*** Records to use

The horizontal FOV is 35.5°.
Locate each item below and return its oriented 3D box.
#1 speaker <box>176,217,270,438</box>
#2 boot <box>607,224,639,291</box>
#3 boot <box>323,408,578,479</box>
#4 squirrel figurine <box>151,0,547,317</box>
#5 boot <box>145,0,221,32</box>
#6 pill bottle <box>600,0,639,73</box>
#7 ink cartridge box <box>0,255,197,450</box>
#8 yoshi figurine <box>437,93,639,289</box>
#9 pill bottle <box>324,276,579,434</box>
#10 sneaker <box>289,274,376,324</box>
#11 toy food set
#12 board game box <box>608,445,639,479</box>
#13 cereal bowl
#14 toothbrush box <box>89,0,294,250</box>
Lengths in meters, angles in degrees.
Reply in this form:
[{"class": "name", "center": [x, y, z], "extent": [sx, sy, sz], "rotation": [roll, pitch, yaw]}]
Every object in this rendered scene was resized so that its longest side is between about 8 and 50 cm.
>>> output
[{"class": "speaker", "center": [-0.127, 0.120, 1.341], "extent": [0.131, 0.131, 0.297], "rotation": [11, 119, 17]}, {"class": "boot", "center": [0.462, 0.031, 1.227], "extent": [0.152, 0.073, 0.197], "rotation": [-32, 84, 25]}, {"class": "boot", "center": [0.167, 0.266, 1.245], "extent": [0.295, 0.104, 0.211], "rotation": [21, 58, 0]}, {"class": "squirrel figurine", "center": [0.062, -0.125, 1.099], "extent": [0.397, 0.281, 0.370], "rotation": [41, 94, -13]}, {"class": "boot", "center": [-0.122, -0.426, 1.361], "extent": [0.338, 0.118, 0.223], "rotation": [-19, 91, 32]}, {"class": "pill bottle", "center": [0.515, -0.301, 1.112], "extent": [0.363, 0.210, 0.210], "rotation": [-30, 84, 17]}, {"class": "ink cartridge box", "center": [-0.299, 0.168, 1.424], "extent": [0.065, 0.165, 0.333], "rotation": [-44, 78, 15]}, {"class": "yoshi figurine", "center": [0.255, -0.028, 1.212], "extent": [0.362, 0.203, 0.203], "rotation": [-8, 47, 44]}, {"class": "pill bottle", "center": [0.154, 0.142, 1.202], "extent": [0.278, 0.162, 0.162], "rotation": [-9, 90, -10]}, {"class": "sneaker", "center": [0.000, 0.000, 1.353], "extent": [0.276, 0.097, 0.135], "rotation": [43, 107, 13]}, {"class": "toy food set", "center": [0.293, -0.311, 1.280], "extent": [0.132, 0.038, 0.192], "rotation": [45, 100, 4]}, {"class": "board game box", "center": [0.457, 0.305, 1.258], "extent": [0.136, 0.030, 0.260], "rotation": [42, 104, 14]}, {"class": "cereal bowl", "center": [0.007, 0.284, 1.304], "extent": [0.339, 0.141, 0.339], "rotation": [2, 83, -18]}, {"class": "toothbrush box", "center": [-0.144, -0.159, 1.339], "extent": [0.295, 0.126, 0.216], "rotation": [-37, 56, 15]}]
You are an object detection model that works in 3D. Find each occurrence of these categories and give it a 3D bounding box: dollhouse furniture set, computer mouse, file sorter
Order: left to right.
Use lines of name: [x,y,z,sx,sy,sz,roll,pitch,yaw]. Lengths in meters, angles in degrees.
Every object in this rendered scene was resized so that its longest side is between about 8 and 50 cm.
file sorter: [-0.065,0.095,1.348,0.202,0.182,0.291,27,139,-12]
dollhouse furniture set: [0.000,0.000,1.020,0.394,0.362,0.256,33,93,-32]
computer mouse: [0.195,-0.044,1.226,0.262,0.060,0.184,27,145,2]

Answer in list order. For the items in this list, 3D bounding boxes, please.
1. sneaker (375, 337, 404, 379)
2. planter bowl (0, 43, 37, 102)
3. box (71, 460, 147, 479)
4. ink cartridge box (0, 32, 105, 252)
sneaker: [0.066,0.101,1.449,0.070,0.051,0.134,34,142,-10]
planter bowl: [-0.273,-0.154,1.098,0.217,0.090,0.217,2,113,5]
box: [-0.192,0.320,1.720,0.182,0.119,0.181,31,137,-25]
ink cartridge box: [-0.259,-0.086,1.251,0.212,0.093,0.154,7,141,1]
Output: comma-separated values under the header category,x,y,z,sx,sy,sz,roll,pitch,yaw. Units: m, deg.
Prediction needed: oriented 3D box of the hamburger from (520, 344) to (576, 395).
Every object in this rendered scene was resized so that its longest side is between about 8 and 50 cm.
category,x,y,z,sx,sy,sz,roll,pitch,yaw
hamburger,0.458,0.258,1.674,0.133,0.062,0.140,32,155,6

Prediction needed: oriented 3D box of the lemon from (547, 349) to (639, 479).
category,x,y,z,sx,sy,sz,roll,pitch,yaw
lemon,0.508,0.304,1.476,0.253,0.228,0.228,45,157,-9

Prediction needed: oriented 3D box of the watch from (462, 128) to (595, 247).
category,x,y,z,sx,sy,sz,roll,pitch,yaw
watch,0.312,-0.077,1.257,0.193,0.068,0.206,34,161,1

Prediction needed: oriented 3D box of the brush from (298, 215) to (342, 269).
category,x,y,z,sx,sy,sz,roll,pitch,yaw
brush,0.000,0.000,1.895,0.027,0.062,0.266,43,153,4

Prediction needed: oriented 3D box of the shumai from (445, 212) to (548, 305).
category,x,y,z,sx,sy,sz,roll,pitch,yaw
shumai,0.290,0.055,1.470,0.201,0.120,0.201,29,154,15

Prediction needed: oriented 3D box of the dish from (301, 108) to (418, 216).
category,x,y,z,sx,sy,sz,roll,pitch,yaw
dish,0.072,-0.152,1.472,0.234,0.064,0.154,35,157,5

******

**Try it**
To answer, report how many lines of the listing contain the word "Lengths", as a number with nothing else.

**Answer box**
2